- REQUIRED WORK: Filter the data for "CENTER" and copy matching lines.

[LISTED ENTRIES Boundary: Start]

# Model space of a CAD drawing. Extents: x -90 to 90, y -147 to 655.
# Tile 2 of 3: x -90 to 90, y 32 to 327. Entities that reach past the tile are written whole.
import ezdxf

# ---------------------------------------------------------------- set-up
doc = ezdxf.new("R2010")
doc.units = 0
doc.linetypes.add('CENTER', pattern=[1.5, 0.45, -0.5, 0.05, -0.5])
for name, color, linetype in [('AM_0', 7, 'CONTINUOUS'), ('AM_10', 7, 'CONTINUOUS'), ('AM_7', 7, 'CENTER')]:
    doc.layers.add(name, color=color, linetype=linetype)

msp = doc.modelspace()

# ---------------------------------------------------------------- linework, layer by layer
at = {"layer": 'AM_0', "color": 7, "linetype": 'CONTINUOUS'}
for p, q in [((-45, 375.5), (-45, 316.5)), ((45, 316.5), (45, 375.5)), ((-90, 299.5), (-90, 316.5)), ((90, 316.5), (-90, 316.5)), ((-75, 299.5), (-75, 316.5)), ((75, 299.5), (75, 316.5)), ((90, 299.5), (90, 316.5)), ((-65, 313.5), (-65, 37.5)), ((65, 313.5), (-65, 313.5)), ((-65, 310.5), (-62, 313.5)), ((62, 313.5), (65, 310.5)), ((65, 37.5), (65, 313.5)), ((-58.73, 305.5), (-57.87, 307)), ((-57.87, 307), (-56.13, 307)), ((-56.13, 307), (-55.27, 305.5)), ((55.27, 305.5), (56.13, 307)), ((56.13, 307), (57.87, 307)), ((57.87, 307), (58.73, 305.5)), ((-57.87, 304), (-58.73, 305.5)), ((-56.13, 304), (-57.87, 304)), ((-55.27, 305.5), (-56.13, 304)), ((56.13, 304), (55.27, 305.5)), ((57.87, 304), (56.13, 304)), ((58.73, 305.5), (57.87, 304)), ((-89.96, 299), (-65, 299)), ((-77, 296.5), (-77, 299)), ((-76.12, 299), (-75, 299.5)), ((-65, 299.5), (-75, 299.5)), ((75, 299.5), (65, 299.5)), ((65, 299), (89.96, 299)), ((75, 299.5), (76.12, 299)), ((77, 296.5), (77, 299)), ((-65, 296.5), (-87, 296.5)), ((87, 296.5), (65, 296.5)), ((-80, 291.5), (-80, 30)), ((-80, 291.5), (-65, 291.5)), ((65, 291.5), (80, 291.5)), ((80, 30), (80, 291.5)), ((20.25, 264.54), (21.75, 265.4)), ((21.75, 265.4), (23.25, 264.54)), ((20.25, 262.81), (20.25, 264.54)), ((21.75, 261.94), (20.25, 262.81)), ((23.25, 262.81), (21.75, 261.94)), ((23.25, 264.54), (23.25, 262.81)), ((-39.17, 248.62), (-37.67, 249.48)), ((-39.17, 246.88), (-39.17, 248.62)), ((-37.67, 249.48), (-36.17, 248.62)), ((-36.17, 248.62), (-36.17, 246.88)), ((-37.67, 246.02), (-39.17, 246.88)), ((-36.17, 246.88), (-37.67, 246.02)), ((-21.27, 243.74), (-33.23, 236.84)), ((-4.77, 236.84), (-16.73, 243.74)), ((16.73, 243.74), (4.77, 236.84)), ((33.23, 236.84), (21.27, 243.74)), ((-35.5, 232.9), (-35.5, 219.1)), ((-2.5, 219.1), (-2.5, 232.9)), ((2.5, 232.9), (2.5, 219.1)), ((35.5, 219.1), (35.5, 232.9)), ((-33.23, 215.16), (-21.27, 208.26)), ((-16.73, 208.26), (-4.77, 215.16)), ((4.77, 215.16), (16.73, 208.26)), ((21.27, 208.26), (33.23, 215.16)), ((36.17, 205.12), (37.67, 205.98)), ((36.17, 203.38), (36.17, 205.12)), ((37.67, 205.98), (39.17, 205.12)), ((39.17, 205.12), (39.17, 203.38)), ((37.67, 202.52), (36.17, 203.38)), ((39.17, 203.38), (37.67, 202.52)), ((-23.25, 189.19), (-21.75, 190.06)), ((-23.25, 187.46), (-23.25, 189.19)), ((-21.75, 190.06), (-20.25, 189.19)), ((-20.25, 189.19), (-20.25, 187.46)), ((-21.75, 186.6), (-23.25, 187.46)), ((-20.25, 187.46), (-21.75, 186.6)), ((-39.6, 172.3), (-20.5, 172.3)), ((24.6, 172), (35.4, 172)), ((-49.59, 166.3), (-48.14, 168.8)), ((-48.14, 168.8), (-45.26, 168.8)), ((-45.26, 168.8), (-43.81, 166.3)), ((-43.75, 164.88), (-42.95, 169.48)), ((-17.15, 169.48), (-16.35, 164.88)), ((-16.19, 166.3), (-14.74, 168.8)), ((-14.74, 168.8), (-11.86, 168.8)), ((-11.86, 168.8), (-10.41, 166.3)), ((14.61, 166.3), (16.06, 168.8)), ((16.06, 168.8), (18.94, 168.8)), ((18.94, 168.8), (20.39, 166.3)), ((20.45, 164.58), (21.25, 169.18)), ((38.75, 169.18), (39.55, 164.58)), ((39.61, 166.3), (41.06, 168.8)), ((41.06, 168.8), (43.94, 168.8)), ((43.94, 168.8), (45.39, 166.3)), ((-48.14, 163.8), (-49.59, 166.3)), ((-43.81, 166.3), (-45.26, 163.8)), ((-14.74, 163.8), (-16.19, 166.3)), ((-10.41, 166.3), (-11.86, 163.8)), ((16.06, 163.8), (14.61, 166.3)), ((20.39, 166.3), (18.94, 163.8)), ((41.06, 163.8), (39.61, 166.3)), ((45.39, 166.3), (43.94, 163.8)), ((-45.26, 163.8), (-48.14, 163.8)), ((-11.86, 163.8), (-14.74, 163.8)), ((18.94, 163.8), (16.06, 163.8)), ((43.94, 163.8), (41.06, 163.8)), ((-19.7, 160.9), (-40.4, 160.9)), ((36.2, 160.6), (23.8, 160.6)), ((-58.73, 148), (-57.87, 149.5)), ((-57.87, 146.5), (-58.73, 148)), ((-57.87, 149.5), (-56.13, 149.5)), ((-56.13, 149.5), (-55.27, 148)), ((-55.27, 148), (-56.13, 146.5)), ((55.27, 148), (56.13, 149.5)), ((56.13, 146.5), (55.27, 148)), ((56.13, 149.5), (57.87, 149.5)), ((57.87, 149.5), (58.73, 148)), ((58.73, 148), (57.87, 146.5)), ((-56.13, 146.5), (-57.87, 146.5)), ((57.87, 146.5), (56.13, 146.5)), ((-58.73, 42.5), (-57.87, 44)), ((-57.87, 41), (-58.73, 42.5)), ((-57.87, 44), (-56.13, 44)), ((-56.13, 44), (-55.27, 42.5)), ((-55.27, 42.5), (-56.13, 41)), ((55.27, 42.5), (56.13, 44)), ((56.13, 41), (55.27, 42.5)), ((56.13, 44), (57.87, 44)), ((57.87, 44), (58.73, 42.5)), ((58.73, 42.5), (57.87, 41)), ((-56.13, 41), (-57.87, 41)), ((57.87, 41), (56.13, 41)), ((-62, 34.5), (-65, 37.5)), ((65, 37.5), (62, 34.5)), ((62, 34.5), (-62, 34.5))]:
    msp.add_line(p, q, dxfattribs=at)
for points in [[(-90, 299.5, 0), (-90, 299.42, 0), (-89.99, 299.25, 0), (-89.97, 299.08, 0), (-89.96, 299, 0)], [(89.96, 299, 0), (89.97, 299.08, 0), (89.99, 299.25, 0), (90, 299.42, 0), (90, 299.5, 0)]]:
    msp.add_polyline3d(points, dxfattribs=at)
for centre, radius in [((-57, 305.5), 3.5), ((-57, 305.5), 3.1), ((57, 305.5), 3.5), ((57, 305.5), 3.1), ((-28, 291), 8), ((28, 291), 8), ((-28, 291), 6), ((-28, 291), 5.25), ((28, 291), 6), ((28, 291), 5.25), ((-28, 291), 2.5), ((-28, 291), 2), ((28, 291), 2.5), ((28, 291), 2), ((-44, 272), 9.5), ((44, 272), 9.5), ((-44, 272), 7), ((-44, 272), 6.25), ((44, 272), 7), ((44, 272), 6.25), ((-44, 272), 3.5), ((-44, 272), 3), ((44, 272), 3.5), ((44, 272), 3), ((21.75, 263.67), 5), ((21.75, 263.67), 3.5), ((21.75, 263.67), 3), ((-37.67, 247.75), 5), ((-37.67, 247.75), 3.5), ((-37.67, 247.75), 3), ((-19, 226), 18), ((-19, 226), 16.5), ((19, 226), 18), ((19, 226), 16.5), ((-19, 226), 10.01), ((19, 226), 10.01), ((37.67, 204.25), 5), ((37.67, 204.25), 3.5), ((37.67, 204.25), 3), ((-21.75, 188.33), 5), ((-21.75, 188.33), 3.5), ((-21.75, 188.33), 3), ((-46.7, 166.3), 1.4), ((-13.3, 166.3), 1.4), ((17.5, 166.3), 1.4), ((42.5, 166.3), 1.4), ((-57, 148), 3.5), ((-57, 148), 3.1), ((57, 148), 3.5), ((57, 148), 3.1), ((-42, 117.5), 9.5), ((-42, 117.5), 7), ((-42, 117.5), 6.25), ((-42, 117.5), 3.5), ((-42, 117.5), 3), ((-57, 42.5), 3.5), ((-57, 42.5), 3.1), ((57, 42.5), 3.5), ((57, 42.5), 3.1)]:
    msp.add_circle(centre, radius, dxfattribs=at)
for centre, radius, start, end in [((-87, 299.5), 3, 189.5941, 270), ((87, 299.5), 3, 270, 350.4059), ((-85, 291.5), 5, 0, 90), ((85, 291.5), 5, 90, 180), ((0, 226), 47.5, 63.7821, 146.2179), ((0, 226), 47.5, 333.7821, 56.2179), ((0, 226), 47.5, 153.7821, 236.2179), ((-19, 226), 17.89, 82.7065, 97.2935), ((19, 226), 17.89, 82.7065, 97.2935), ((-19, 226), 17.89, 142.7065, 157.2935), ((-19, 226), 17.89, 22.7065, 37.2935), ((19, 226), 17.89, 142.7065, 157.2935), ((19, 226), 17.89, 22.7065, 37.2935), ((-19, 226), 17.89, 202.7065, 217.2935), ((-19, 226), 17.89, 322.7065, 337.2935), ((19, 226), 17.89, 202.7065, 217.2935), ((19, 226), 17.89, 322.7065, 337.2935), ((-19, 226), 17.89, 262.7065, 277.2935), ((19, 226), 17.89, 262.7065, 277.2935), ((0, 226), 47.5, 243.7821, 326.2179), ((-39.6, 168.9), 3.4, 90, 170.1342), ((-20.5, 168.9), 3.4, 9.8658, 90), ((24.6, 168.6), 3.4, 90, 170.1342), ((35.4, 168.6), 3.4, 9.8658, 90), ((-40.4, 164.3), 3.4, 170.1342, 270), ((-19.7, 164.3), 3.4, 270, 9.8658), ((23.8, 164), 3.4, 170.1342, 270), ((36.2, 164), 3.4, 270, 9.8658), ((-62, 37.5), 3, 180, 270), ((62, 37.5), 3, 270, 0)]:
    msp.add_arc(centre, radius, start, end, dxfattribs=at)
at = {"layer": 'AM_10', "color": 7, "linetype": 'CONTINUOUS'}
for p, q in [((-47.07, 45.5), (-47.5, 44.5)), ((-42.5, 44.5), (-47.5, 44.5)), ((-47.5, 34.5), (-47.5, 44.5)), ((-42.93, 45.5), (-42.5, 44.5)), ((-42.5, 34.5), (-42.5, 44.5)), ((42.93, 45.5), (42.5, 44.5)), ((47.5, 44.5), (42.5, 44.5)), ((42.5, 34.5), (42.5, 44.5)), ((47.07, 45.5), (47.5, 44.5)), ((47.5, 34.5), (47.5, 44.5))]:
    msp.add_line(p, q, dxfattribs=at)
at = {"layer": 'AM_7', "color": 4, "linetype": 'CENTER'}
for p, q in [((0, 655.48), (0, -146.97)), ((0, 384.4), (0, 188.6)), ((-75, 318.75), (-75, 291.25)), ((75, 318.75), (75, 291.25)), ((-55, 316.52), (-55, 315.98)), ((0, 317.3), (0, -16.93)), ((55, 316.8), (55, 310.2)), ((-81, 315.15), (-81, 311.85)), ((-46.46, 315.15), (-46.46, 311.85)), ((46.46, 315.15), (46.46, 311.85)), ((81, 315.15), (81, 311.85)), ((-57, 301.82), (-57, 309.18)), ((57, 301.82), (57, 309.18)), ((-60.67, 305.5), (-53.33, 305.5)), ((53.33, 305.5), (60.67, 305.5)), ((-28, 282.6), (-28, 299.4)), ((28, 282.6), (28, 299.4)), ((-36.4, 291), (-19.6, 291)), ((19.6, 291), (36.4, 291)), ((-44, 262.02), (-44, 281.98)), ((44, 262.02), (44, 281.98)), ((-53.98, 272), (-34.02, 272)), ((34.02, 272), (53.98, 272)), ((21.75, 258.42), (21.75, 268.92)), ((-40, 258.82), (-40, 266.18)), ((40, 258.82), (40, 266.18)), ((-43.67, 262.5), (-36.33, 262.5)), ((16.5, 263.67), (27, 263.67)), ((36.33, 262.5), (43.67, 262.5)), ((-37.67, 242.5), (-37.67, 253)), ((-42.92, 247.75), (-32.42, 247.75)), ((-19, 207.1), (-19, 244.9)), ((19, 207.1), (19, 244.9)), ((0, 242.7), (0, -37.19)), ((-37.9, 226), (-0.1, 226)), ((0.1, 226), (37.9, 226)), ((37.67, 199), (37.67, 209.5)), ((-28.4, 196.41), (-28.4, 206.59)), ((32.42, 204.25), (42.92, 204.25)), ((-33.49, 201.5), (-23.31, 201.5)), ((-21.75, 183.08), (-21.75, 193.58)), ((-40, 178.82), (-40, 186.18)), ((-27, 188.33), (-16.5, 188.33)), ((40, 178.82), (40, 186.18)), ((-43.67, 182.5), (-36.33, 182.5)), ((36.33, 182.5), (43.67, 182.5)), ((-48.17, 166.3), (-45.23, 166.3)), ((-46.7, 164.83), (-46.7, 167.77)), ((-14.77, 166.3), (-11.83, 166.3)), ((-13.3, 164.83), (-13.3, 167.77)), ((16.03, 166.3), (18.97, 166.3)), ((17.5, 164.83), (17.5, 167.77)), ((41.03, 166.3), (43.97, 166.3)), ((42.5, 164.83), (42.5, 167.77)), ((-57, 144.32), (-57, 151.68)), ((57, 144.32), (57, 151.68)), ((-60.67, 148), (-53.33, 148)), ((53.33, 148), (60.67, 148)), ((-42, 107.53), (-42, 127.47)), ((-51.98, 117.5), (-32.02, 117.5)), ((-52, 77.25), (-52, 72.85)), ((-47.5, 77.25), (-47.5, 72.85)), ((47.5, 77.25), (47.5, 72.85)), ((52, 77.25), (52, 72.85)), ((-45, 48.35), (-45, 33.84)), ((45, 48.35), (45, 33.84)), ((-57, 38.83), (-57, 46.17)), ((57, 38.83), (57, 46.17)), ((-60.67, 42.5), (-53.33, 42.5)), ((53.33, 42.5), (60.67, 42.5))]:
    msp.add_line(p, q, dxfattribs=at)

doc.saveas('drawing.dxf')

[LISTED ENTRIES Boundary: End]

- ANSWER AREA:
doc.linetypes.add('CENTER', pattern=[1.5, 0.45, -0.5, 0.05, -0.5])
for name, color, linetype in [('AM_0', 7, 'CONTINUOUS'), ('AM_10', 7, 'CONTINUOUS'), ('AM_7', 7, 'CENTER')]:
at = {"layer": 'AM_7', "color": 4, "linetype": 'CENTER'}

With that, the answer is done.